DIRECTIONS: Instruction for the entries that follow: retype exactly the lines from the line with "- cola can <box>495,343,625,567</box>" to the line with "- Kara coconut water carton", both included, and omit all others.
*** Opening of EXCERPTED RECORDS ***
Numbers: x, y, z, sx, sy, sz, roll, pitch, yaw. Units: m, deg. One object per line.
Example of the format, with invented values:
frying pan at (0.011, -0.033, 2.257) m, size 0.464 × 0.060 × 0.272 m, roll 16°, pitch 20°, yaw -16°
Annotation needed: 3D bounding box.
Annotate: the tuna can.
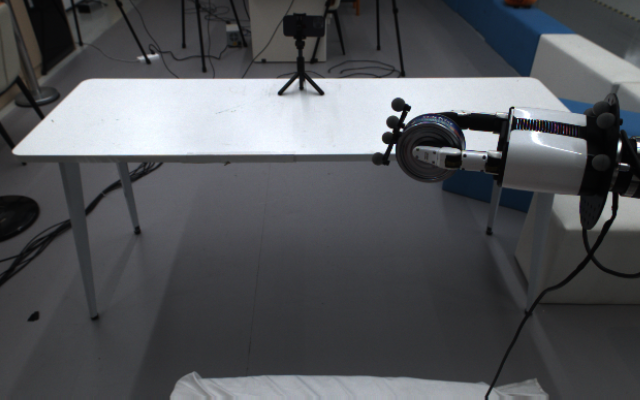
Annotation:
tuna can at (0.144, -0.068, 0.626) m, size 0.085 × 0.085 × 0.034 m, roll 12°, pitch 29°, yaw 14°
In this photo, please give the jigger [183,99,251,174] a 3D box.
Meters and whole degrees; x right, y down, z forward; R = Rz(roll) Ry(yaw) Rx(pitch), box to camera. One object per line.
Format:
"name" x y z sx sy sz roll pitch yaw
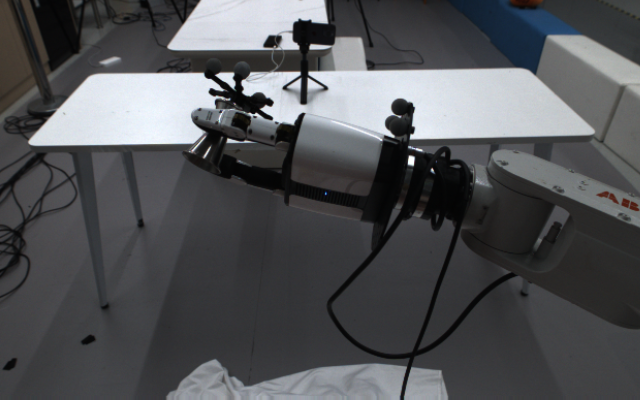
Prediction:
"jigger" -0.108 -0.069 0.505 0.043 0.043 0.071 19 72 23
*** Close of EXCERPTED RECORDS ***
*** Opening of EXCERPTED RECORDS ***
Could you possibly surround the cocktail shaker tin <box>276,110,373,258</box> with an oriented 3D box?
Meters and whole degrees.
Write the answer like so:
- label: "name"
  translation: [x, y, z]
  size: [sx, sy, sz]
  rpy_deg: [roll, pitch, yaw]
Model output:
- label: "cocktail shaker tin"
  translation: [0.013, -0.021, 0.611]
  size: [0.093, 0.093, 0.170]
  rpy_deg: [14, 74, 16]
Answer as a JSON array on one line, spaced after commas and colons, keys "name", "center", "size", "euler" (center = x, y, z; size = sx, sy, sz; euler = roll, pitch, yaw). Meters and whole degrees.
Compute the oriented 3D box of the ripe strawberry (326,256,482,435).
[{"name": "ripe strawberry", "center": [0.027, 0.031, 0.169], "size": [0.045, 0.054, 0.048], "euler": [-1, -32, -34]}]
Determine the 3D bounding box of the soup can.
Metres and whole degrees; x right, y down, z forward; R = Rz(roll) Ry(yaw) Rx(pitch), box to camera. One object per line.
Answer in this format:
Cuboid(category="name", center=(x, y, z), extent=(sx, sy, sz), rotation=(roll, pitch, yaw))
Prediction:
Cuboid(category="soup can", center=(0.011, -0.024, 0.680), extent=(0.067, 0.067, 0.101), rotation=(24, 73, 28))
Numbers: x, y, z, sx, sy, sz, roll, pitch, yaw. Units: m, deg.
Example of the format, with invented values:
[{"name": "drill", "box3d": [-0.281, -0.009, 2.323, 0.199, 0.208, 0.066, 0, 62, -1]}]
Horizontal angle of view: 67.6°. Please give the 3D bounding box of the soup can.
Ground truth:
*** Close of EXCERPTED RECORDS ***
*** Opening of EXCERPTED RECORDS ***
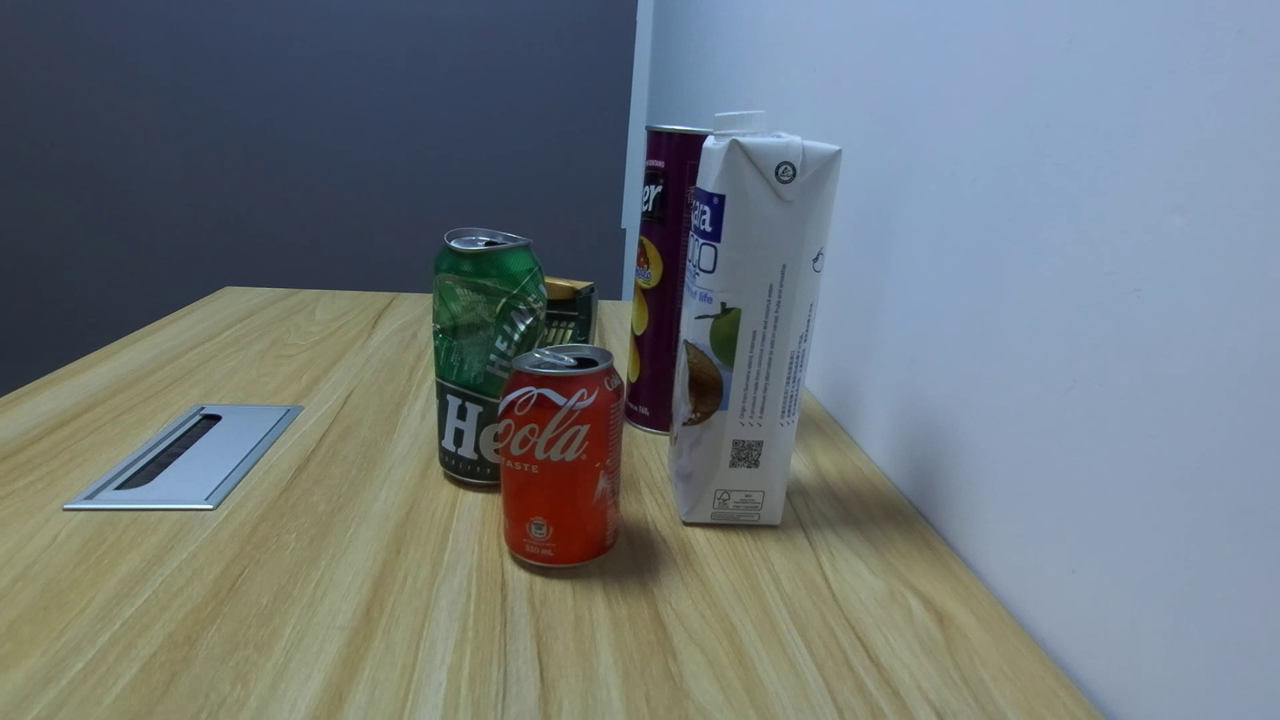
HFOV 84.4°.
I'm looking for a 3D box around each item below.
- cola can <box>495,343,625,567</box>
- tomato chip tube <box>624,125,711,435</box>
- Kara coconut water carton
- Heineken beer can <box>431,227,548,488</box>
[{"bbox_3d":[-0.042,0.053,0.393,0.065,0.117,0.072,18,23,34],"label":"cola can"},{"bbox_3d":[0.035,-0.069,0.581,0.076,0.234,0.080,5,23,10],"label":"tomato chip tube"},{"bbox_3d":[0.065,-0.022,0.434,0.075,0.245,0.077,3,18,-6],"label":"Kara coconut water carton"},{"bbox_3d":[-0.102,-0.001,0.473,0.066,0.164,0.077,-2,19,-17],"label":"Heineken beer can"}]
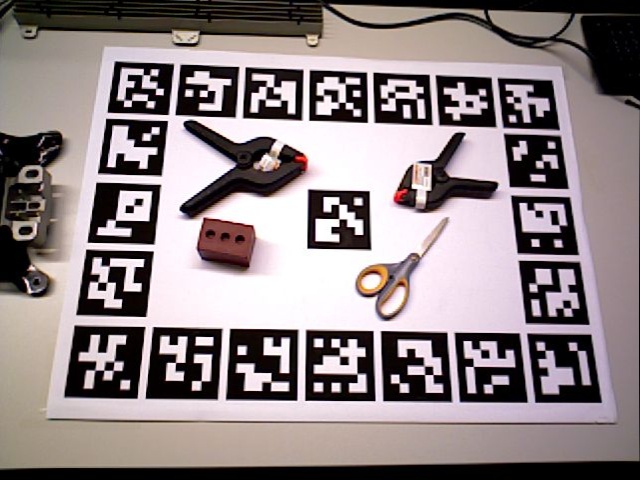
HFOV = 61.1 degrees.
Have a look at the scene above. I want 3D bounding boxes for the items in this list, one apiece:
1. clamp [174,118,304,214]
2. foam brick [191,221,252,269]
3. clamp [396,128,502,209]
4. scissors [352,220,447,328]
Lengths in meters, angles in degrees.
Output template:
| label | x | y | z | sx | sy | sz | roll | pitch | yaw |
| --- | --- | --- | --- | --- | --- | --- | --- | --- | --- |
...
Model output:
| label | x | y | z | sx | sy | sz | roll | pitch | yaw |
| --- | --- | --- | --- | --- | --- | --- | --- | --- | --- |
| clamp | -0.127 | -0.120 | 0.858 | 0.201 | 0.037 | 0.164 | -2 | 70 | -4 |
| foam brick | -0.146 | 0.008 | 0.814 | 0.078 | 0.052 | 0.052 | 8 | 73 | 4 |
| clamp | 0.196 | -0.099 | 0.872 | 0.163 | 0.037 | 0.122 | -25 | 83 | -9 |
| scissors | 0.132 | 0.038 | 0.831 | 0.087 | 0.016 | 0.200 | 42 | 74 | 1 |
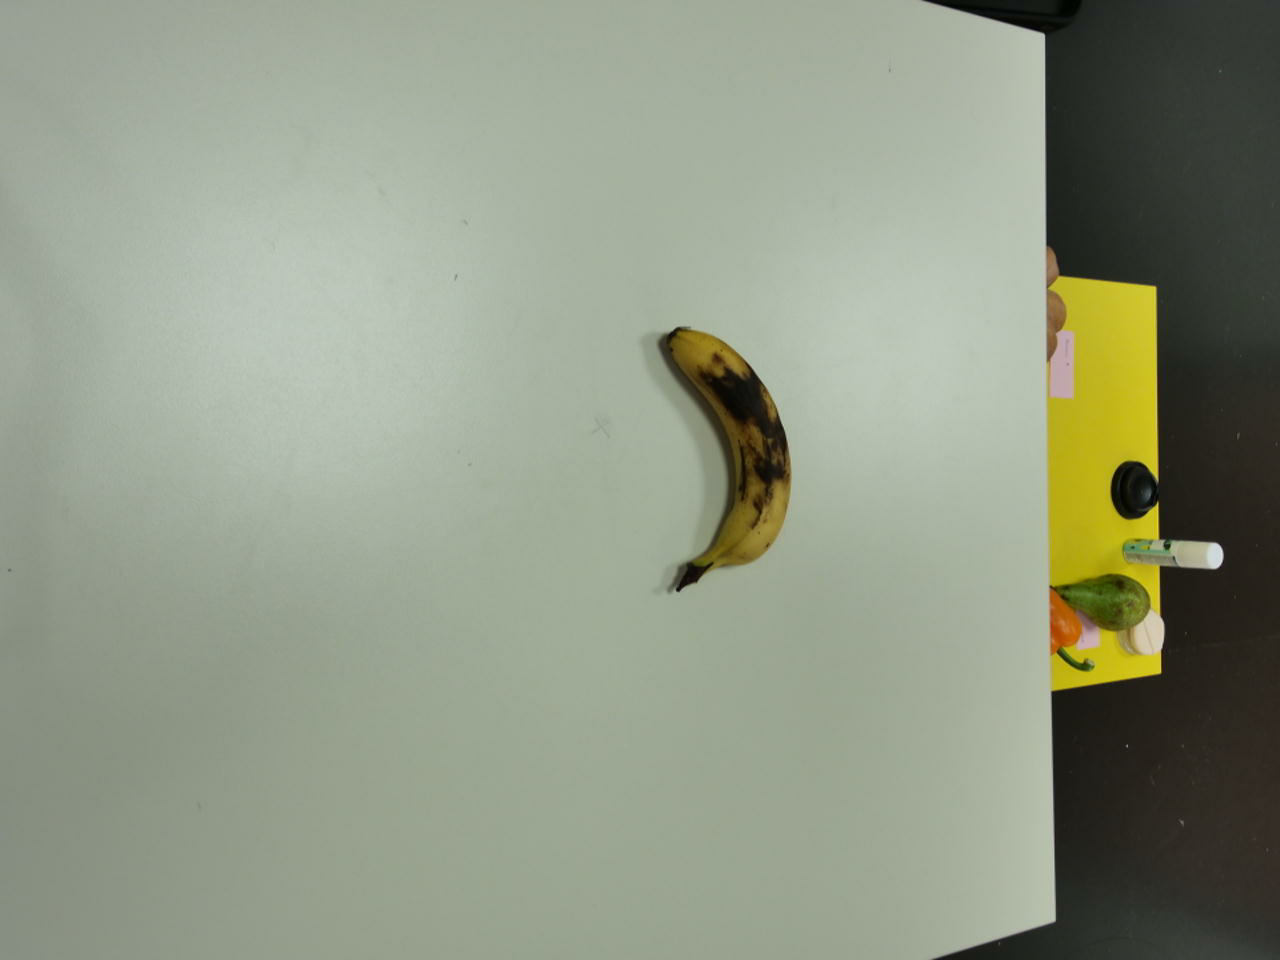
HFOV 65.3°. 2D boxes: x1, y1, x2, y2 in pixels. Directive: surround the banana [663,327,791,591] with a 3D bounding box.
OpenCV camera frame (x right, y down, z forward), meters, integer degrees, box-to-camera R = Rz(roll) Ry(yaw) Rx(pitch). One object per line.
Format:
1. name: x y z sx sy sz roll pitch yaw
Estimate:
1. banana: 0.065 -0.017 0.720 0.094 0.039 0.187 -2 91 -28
*** Close of EXCERPTED RECORDS ***
ANSWER TO THE PROBLEM:
- cola can <box>495,343,625,567</box>
- tomato chip tube <box>624,125,711,435</box>
- Kara coconut water carton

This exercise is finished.